UNC will support no legislation unless...

Wade Mark
Wade Mark

THE Opposition will not support any legislation brought to Parliament until Government returns the Public Procurement and Disposal of Public Property Act to its original form. 

At a press conference at the office of the Leader of the Opposition, Charles Street in Port of Spain, opposition senator Wade Mark addressed the issue. Mark sat on a panel with opposition MPs, Rodney Charles and Vandana Mohit and the three discussed three current issues in TT: the procurement legislation, Venezuelan migration issue and proposed increases in pasta and macaroni.  Mark called for Government to withdraw what he termed “the disturbing amendments” to the Act and return it to its original “pristine glory.” 

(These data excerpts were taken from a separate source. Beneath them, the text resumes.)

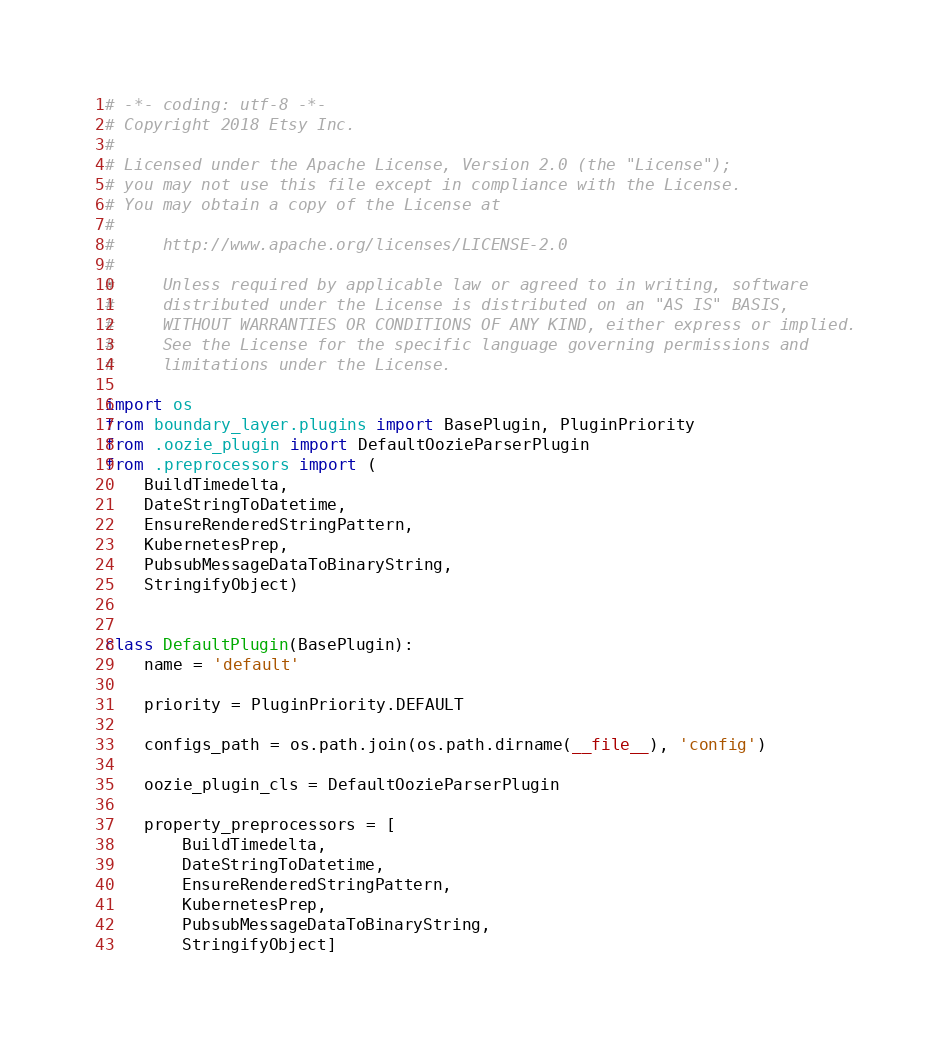Convert code to text. <code><loc_0><loc_0><loc_500><loc_500><_Python_># -*- coding: utf-8 -*-
# Copyright 2018 Etsy Inc.
#
# Licensed under the Apache License, Version 2.0 (the "License");
# you may not use this file except in compliance with the License.
# You may obtain a copy of the License at
#
#     http://www.apache.org/licenses/LICENSE-2.0
#
#     Unless required by applicable law or agreed to in writing, software
#     distributed under the License is distributed on an "AS IS" BASIS,
#     WITHOUT WARRANTIES OR CONDITIONS OF ANY KIND, either express or implied.
#     See the License for the specific language governing permissions and
#     limitations under the License.

import os
from boundary_layer.plugins import BasePlugin, PluginPriority
from .oozie_plugin import DefaultOozieParserPlugin
from .preprocessors import (
    BuildTimedelta,
    DateStringToDatetime,
    EnsureRenderedStringPattern,
    KubernetesPrep,
    PubsubMessageDataToBinaryString,
    StringifyObject)


class DefaultPlugin(BasePlugin):
    name = 'default'

    priority = PluginPriority.DEFAULT

    configs_path = os.path.join(os.path.dirname(__file__), 'config')

    oozie_plugin_cls = DefaultOozieParserPlugin

    property_preprocessors = [
        BuildTimedelta,
        DateStringToDatetime,
        EnsureRenderedStringPattern,
        KubernetesPrep,
        PubsubMessageDataToBinaryString,
        StringifyObject]
</code> 
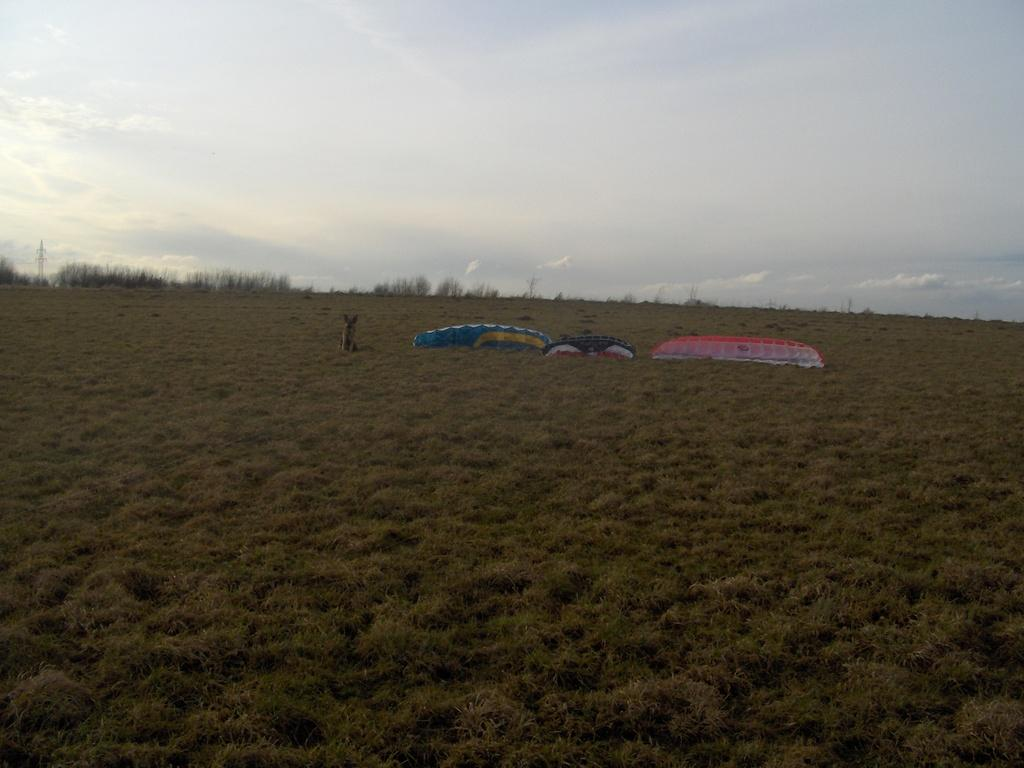What type of landscape is depicted in the image? There is a grassland in the image. What kind of living creature can be seen in the image? There is an animal in the image. What else is present in the image besides the grassland and animal? There are some objects in the image. What can be seen in the background of the image? The sky is visible in the background of the image, and there are clouds in the sky. What type of bone can be seen in the image? There is no bone present in the image. What phase of the moon is visible in the image? The image does not depict the moon; it shows a grassland, an animal, objects, and a sky with clouds. 
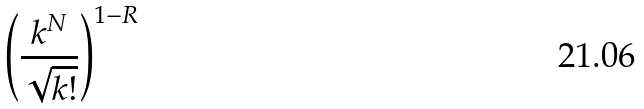<formula> <loc_0><loc_0><loc_500><loc_500>\left ( \frac { k ^ { N } } { \sqrt { k ! } } \right ) ^ { 1 - R }</formula> 
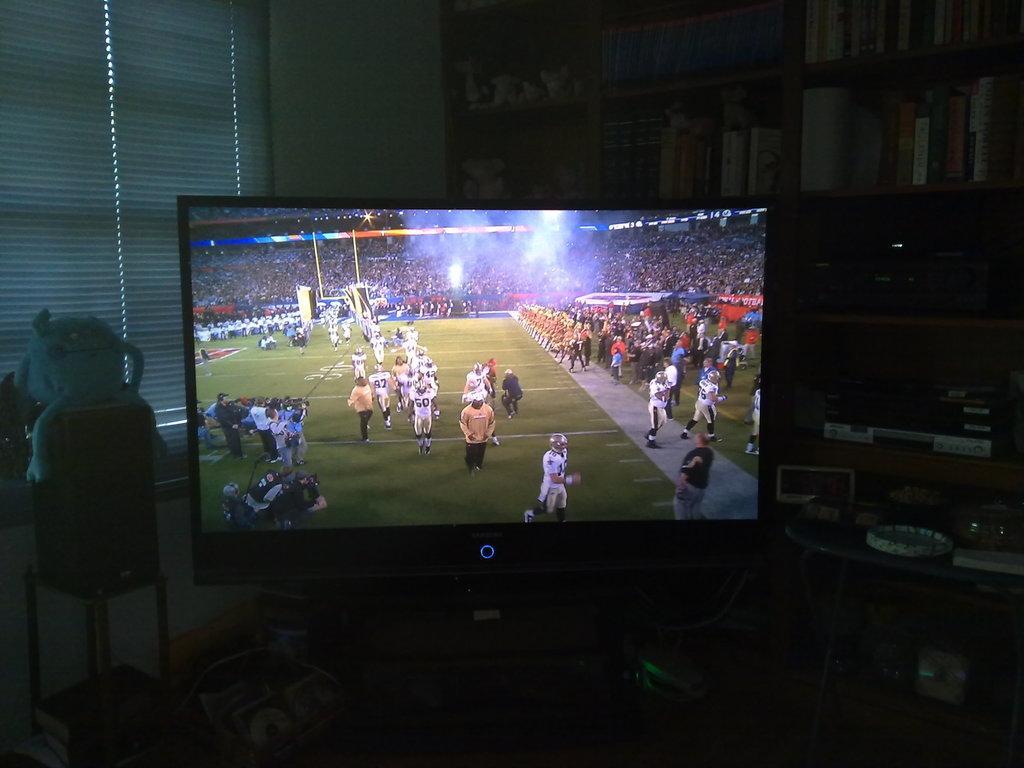Please provide a concise description of this image. In the center of the image there is a television. Image also consists of a toy, plate and bowl on the table. In the background we can see a window mat and we can also see some books placed in a wooden shelf. 
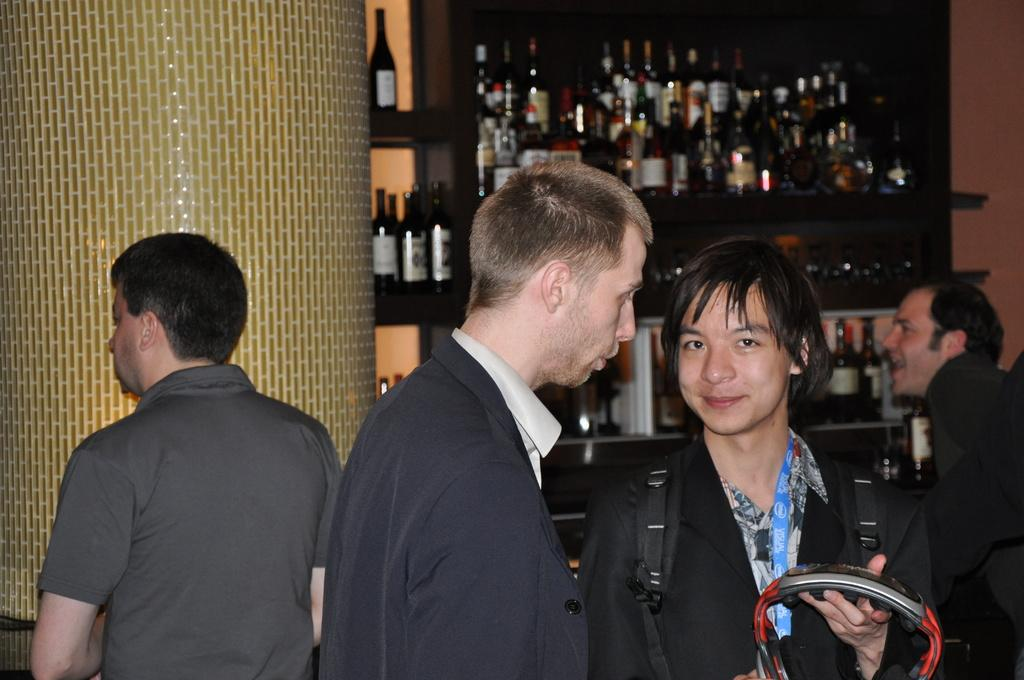How many people are in the image? There is a group of people in the image. Can you describe the person carrying a bag? The person carrying the bag is holding an object and smiling. What can be seen in the background of the image? There are bottles visible in the background of the image. What does the person carrying the bag regret in the image? There is no indication in the image that the person carrying the bag has any regrets.

“Until they do so, the UNC will not be supporting any legislation they bring to Parliament until they return the Public Procurement and Disposal of Public Property Act Number one of 2015 to its original status,” he said. He said the Act of 2015 received the support of the United Nations Development Programme (UNDP) and the Inter-American Development Bank (IADB). 

Mark said the Dr Keith Rowley-led administration amended the legislation three times. The December 4 Act 17 of 2020 which amended the parent act, “placed the nail in the coffin of procurement as it relates to transparency, accountability, integrity and value for money,”  he said. 

Mark said it gutted the efficacy of the act of 2015 and in the process legalised thievery and banditry and naked and wholesale corruption. 

He added that the three amendments dismantled and destroyed the letter and the spirit of the original act and established two parallel procurement regimes in TT. 

This represented not only a breach of trust he but a betrayal of the Government’s commitments and promises to the people through its 2015 manifesto and several promises in subsequent budgetary statements. 

He said when the “gutted legislation” was examined and looked at, the elimination of any oversight by any independent body as it concerns the sale and disposal of public assets and property will tell where TT is. 

He said Government in its amendments removed from public view, oversight by an independent body of any transactions involving the sale and disposal of TT’s assets. 

Using the purchase of two fast ferries as an example, Mark said the PM and Minister of National Security Stuart Young visited Australia and decided through a committee – “set up by themselves, headed by themselves and took a decision by themselves” – without any independent oversight, to purchase the ferries at over TT$1 billion.